Pre-Paid phone cards allow you to pay for telephone calls, domestic or international, in advance. Prepaid telephone calls are usually made by calling a toll-free number and entering a Personal Identification Number (PIN) printed on the card.  The minutes used are then deducted from the card based on country-specific call rates set by the prepaid phone card provider. 

This may be very convenient and might even save you money but are you getting what you paid for? Some cards charge connection fees, have minimum charge fees or other miscellaneous fees that will cause the phone card to run out of minutes before expected. Before selecting a phone card, make sure you know what you should consider. Use the following information as a checklist before making a purchase.


  • Check the card's package or in-store advertising for domestic and international rates. If you cannot find the rate, consider buying a different card.  If possible, document any posted rates by taking a cell phone picture of the posted rates.
  • Some providers post rates on their website, but many do not, and you must call customer service or listen to the “minutes available” announcement at the start of a call.
  • Compare rates.  Very low rates, particularly for international calls, may be a warning sign that the card will not deliver the number of advertised minutes.
  • Providers may charge different rates for calls to/from mobile phones and can even base rates on the cellular supplier.  For example, a call to Dominican Republic is $0.04 per minute, the same call to Dominical Republic Cellular is $0.15 per minute.
  • International rates may be different based on the destination of the call within a country.  For example, one provider lists a rate of $0.01 for a call to Lima, Peru, and $0.33 for a call to Rural Peru.
  • When comparing rates, be aware of Rounding which is how a prepaid phone card vendor counts minutes.  Some vendors round off calls to a full minute, and other charge your card in six second or ten second intervals. The shorting the billing interval, the better for not losing value on your card.

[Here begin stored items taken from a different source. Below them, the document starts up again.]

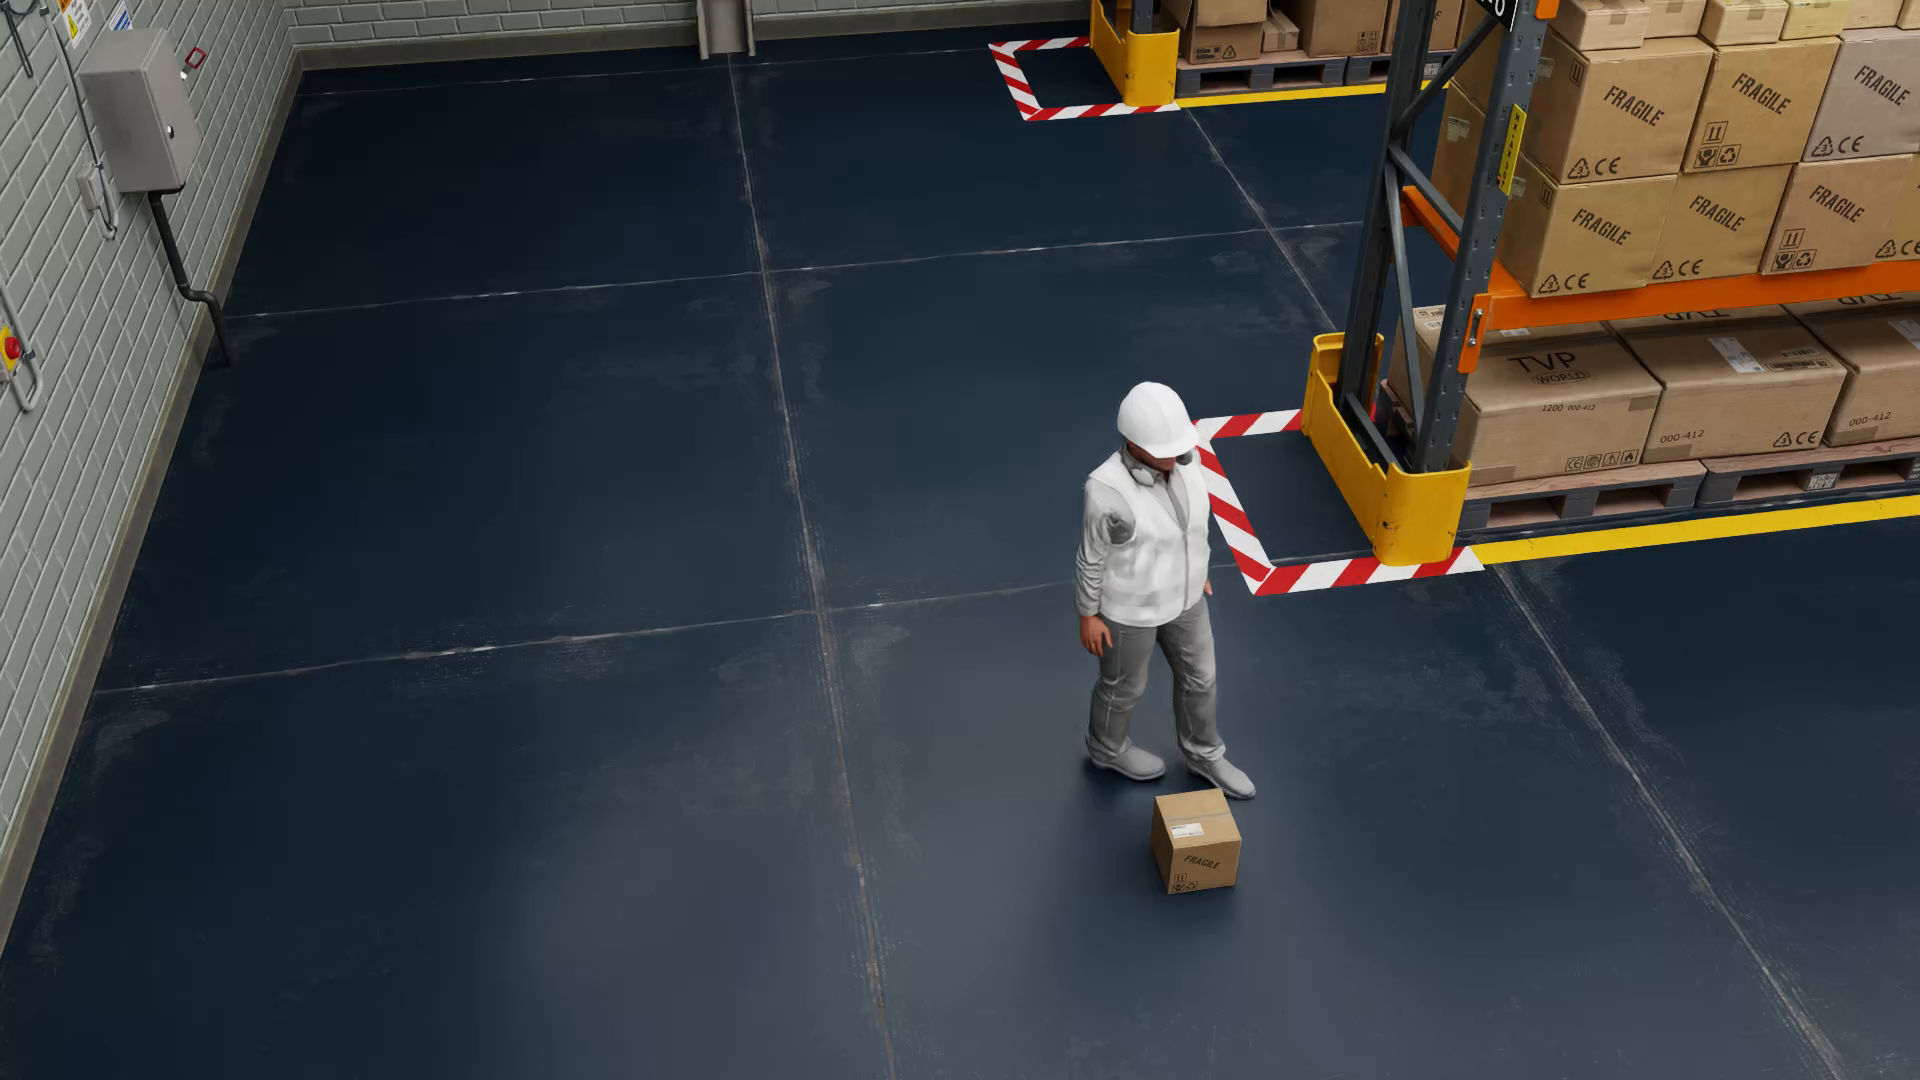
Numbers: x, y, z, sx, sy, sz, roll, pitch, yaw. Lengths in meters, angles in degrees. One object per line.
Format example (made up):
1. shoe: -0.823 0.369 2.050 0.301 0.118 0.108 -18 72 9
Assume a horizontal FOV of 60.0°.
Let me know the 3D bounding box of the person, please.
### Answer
1. person: 0.747 0.243 5.821 0.568 1.768 0.614 -30 47 -32

  • Surcharge/Connection Fee – A per call surcharge is often added.  This fee may be charged even when a call is not answered.  One provider charges a $0.99 fee for each call placed from a public phone.
  • Maintenance Fee – Some providers charge a maintenance fee that can begin when you first use a card, even to check the rates.  Fees can be charged daily, weekly or monthly.  A typical weekly fee is $1.00.  A $3-$5 card would quickly reach a zero balance without placing a call.
  • Other Fees – Check for fees to dial the access number, call a mobile number or even a fee to end a call.  One provider was found to have a 15% “Communication Fee.”  These fees are generally taxes and government surcharges.

Other Factors

  • Make sure the card comes in a sealed envelope or that the PIN is not visible. Otherwise, anyone can copy the PIN and use your telephone minutes.
  • Ask the retailer about the return policy if the card does not deliver the number of minutes advertised.  Make sure that the policy is in writing. Take a cell phone picture of the policy if it is displayed in the store.
  • Make sure you can understand the instructions on the card. Know how to use the card when calling from a mobile device.  Many consumers are faced with a huge cellular phone bill when trying to use a prepaid phone card on their cell phone.
  • Check expiration dates, if you do not use all the minutes before the expiration date, you may lose them.
  • As much as possible, use a reputable company based on referrals from people that you trust.  Common complaints about prepaid phone cards are, access numbers that are always busy, poor quality calls, and card issuers going out of business.